Slow stream static join in Spark Structured Streaming

EDDatabricks
Databricks Partner

Situation

Records are streamed from an input Delta table via a Spark Structured Streaming job. The streaming job performs the following.

  1. Read from input Delta table (readStream)
  2. Static join on small JSON
  3. Static join on big Delta table
  4. Write to three Delta tables using foreachbatch logic

Problem

Step 3 is extremely slow. It takes more than 15 minutes to process a single batch of data using a job compute cluster with 2 Standard_DS3_v2 workers. Moreover, after 2-4 hours the job fails with an Out Of Memory exception. Looking at the metrics tab of the cluster, we notice a data spill to disk happening. The screenshot below shows the data spill.

EDDatabricks_1-1703760391974.png

Code snippets

The code snippet below shows step 3; the static join on the big Delta table. In essence, the big Delta table is loaded, de-duplicated and joined to the streaming records. Every time a batch is processed, the big Delta table is re-read, de-duplicated and joined to the batch of streaming records.

# Load big Delta table
big_delta_table = (
    spark.read
    .format('delta')
    .table('big_delta_table ')
)

# De-duplicate big Delta table
c1_id_window = Window.partitionBy('c1').orderBy(F.col('updatedOn').desc())
c1_data = (
    big_delta_table 
    .filter(F.col('c1').isNotNull())
    .withColumn(
        'row_num',
        F.row_number().over(ir_id_window)
    )
    .filter(F.col('row_num') == 1)
    .drop('row_num')
)

# De-duplicate big Delta table
call_sign_id_window = Window.partitionBy('c2').orderBy(F.col('updatedOn').desc())
c2_data = (
    ovr_data
    .filter(F.col('c2').isNotNull() &  F.col('c1').isNull())
    .withColumn(
        'row_num',
        F.row_number().over(call_sign_id_window)
    )
    .filter(F.col('row_num') == 1)
    .drop('row_num')
)

clean_big_delta_table = c1_data.union(c2_data )

# Join streaming records with de-duplicated big Delta table
joined_records = (
    streaming_records
    .join(
        F.broadcast(clean_big_delta_table ),
        join_condition,
        'left'
    )
)

 The following code snippet shows step 4; the foreachbatch logic.

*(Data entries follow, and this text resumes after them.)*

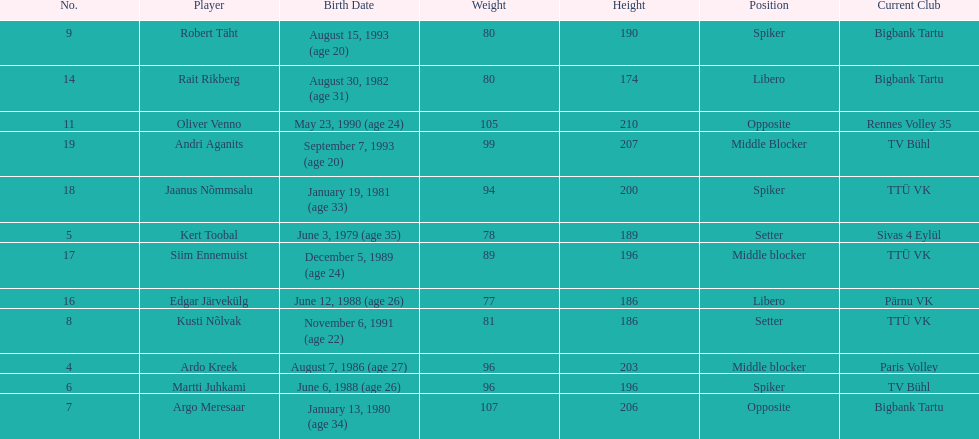How many players are middle blockers? 3. 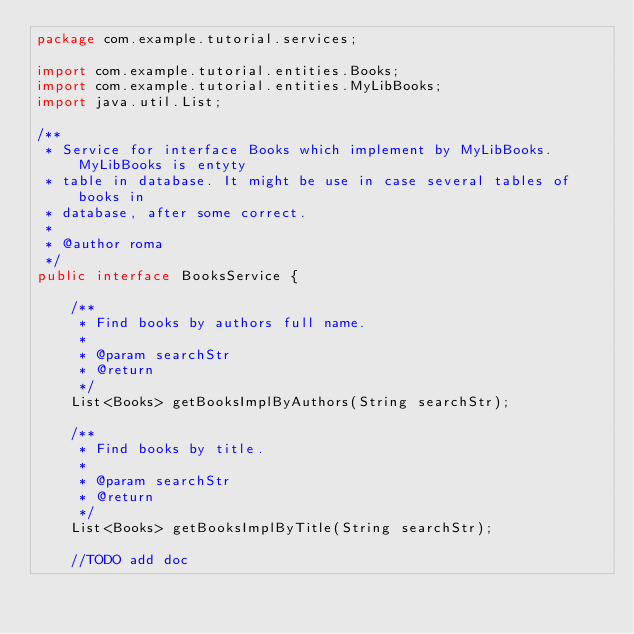<code> <loc_0><loc_0><loc_500><loc_500><_Java_>package com.example.tutorial.services;

import com.example.tutorial.entities.Books;
import com.example.tutorial.entities.MyLibBooks;
import java.util.List;

/**
 * Service for interface Books which implement by MyLibBooks. MyLibBooks is entyty
 * table in database. It might be use in case several tables of books in 
 * database, after some correct.
 * 
 * @author roma
 */
public interface BooksService {

	/**
	 * Find books by authors full name.
	 *
	 * @param searchStr
	 * @return
	 */
	List<Books> getBooksImplByAuthors(String searchStr);

	/**
	 * Find books by title.
	 *
	 * @param searchStr
	 * @return
	 */
	List<Books> getBooksImplByTitle(String searchStr);

	//TODO add doc</code>

The batch is persisted to avoid reprocessing the same data 3 times and then the data is written to 3 distinct sinks. Lastly, the batch is unpersisted.

def write_gold_tables(input_df: DataFrame, batch_id: str):
    input_df.persist()

    # Write to Delta table sink 1

    # Write to Delta table sink 2

    # Write to Delta table sink 3

    input_df.unpersist(blocking=True)

 Questions

  • Is there a way to optimize the code provided above, to increase the speed of the streaming job?
  • How could we avoid the data spill to disk?
  • What is the root cause of the OOM exception?